►

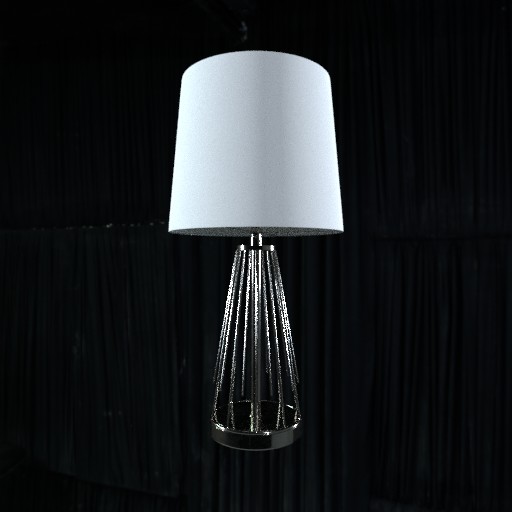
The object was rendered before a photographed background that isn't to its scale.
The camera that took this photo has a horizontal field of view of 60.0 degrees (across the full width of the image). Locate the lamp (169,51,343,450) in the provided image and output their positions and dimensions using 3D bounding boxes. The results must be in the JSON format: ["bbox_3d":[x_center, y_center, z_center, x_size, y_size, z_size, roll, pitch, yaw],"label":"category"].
[{"bbox_3d":[0.000,0.000,0.784,0.303,0.618,0.303,0,0,0],"label":"lamp"}]
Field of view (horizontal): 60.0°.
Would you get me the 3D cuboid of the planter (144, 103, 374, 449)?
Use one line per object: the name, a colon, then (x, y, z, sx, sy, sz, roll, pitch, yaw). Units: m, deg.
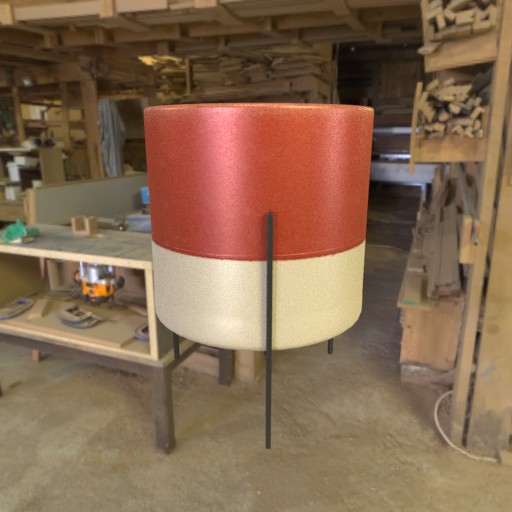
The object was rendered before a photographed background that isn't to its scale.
planter: (0.000, 0.000, 0.740, 0.354, 0.465, 0.345, 7, 17, 25)
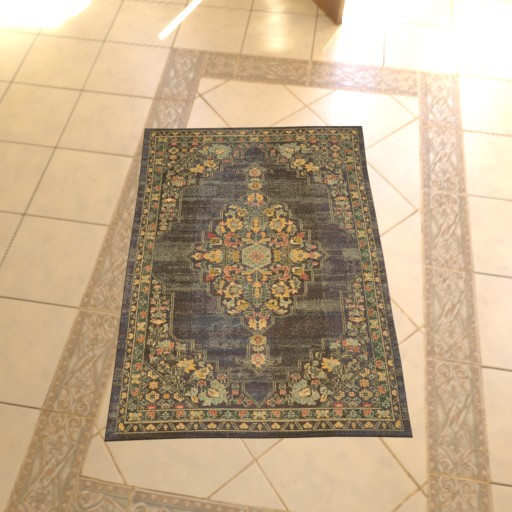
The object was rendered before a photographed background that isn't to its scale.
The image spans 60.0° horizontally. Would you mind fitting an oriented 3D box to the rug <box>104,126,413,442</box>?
[{"bbox_3d":[0.000,0.000,4.692,2.716,0.035,3.612,-1,63,0],"label":"rug"}]

◄

Repeat the listing in full and exactly. Leave any pictures out.

The object was rendered before a photographed background that isn't to its scale.
The camera that took this photo has a horizontal field of view of 60.0 degrees (across the full width of the image). Locate the lamp (169,51,343,450) in the provided image and output their positions and dimensions using 3D bounding boxes. The results must be in the JSON format: ["bbox_3d":[x_center, y_center, z_center, x_size, y_size, z_size, roll, pitch, yaw],"label":"category"].
[{"bbox_3d":[0.000,0.000,0.784,0.303,0.618,0.303,0,0,0],"label":"lamp"}]
Field of view (horizontal): 60.0°.
Would you get me the 3D cuboid of the planter (144, 103, 374, 449)?
Use one line per object: the name, a colon, then (x, y, z, sx, sy, sz, roll, pitch, yaw). Units: m, deg.
The object was rendered before a photographed background that isn't to its scale.
planter: (0.000, 0.000, 0.740, 0.354, 0.465, 0.345, 7, 17, 25)
The object was rendered before a photographed background that isn't to its scale.
The image spans 60.0° horizontally. Would you mind fitting an oriented 3D box to the rug <box>104,126,413,442</box>?
[{"bbox_3d":[0.000,0.000,4.692,2.716,0.035,3.612,-1,63,0],"label":"rug"}]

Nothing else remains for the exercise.